Start of SUPPLIED ENTRIES
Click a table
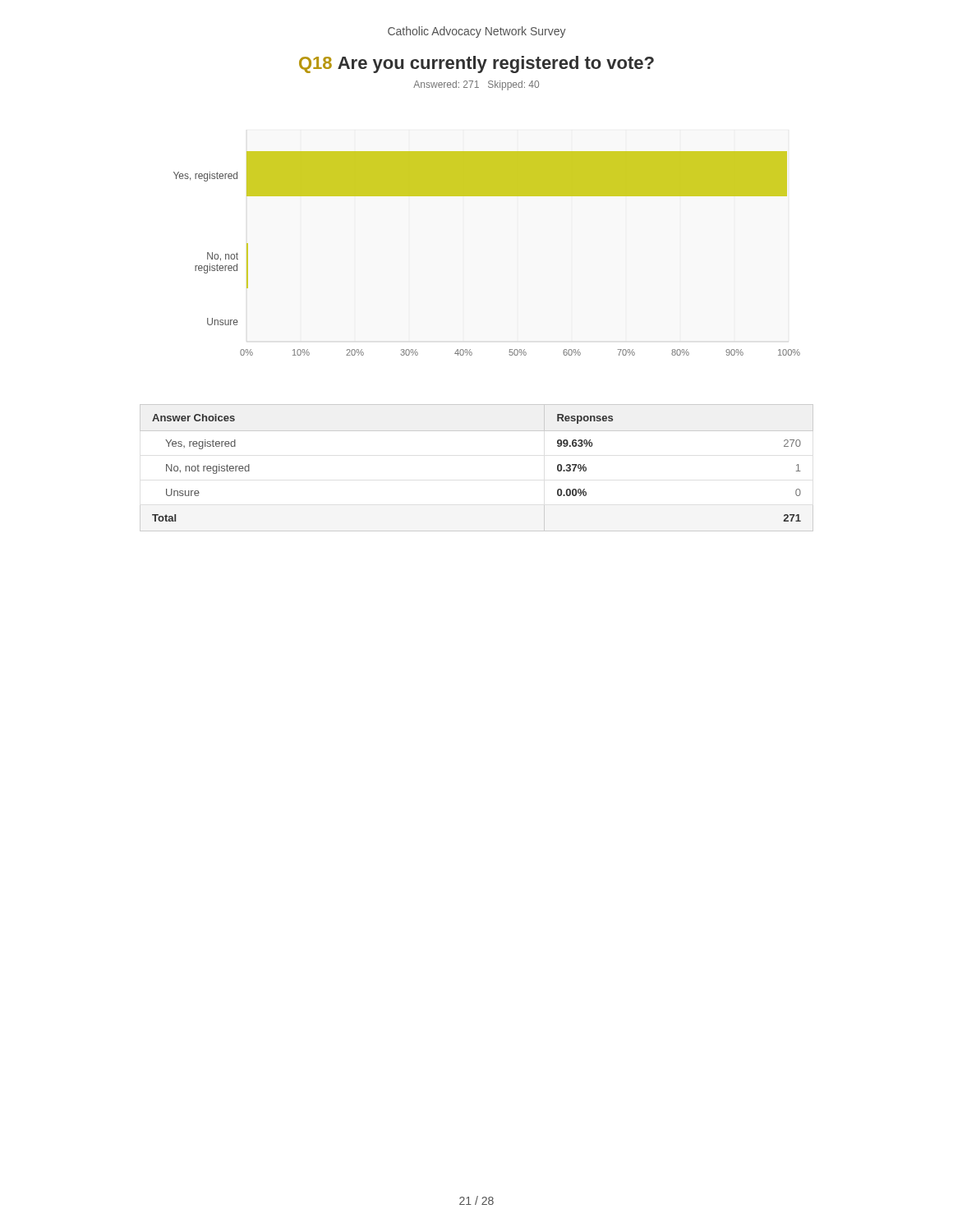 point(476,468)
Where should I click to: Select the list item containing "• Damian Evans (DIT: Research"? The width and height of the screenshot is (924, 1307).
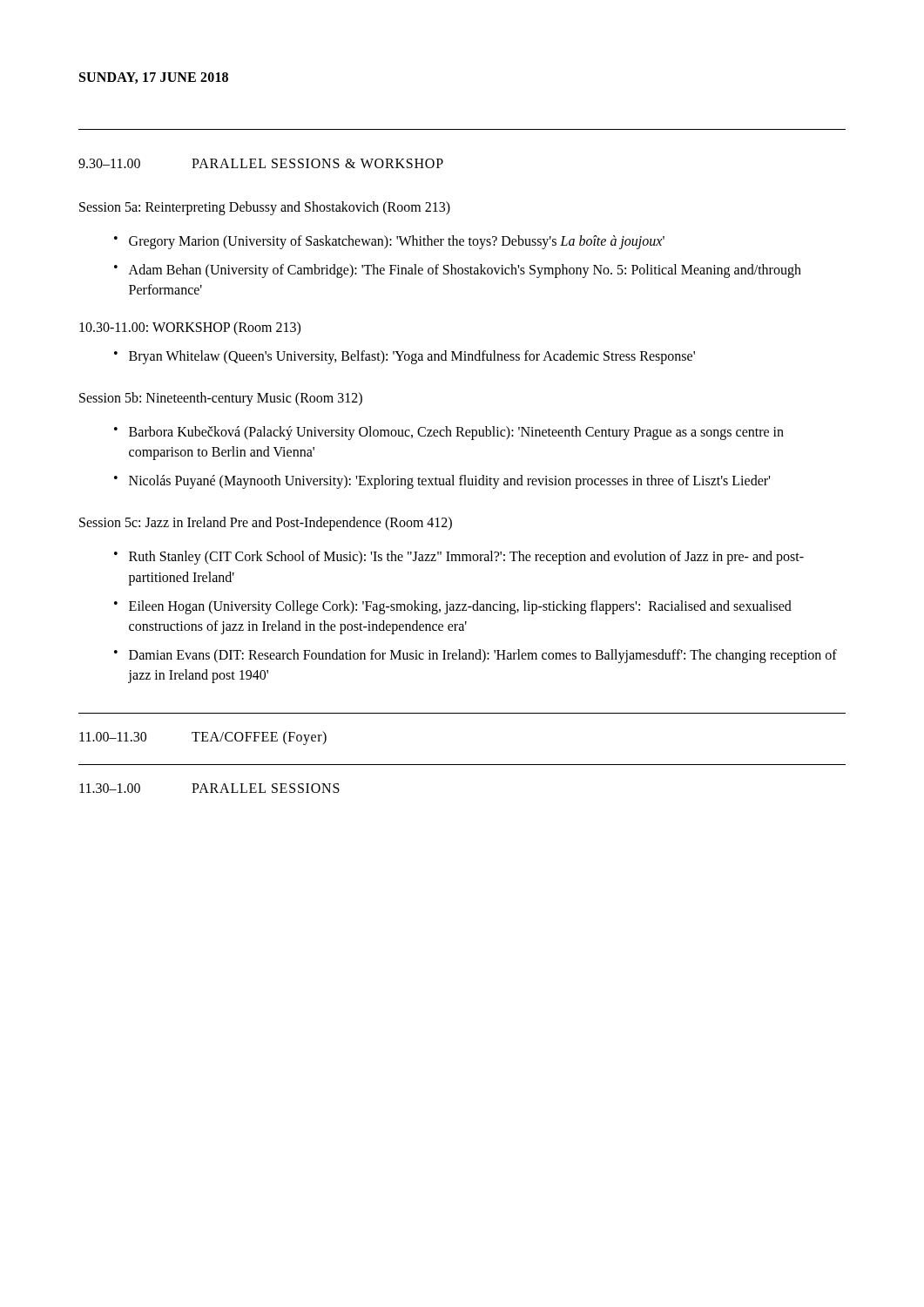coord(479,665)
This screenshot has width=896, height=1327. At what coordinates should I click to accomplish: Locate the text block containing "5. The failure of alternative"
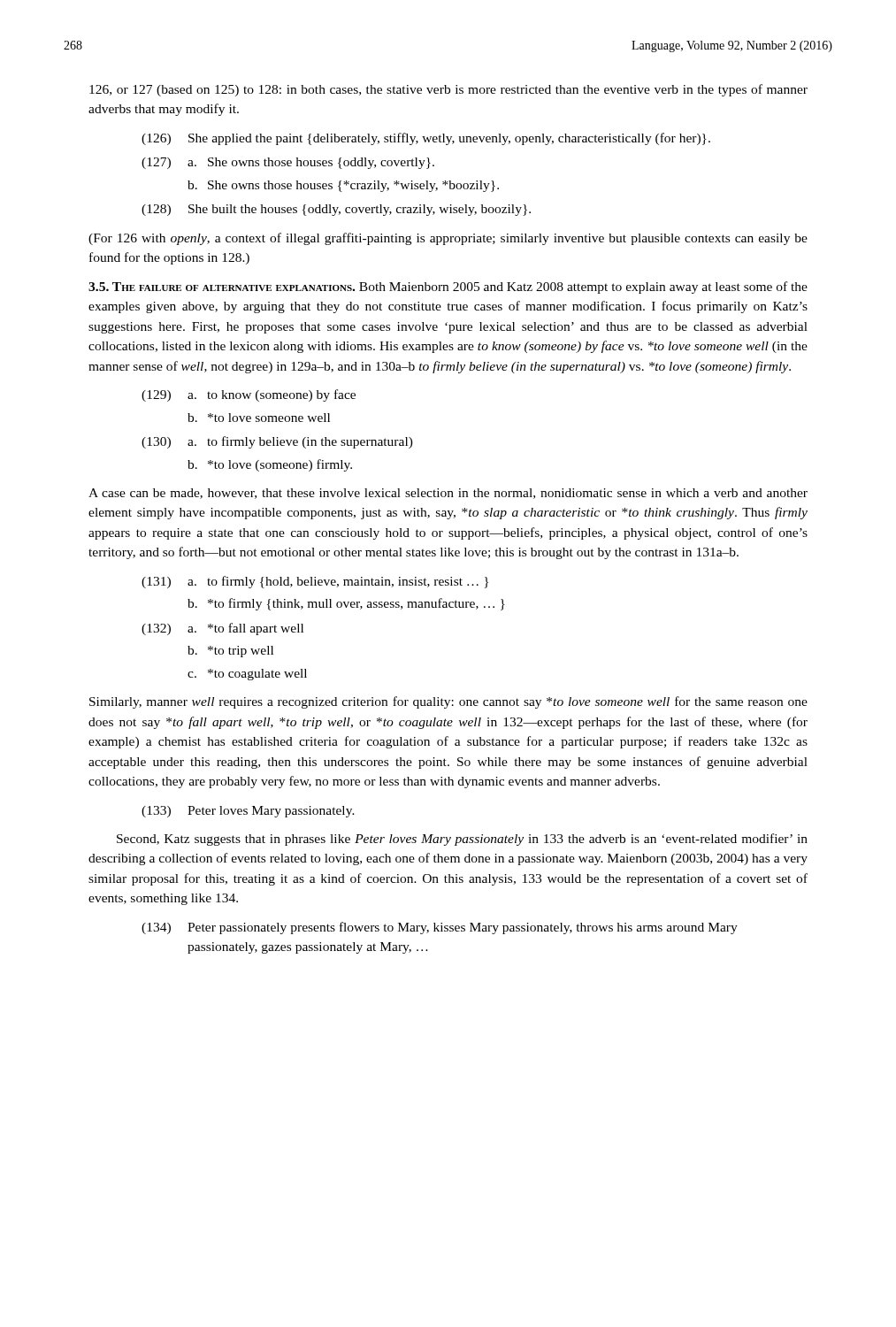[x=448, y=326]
End of SUPPLIED ENTRIES
TASK STATEMENT: None of the pictures should appear; the rest of the entries must be reproduced exactly.

TASK OUTPUT:
Click a table
 point(476,468)
Where should I click to: Select the list item containing "• Damian Evans (DIT: Research"? The width and height of the screenshot is (924, 1307).
coord(479,665)
This screenshot has width=896, height=1327. At what coordinates should I click to accomplish: Locate the text block containing "5. The failure of alternative"
[x=448, y=326]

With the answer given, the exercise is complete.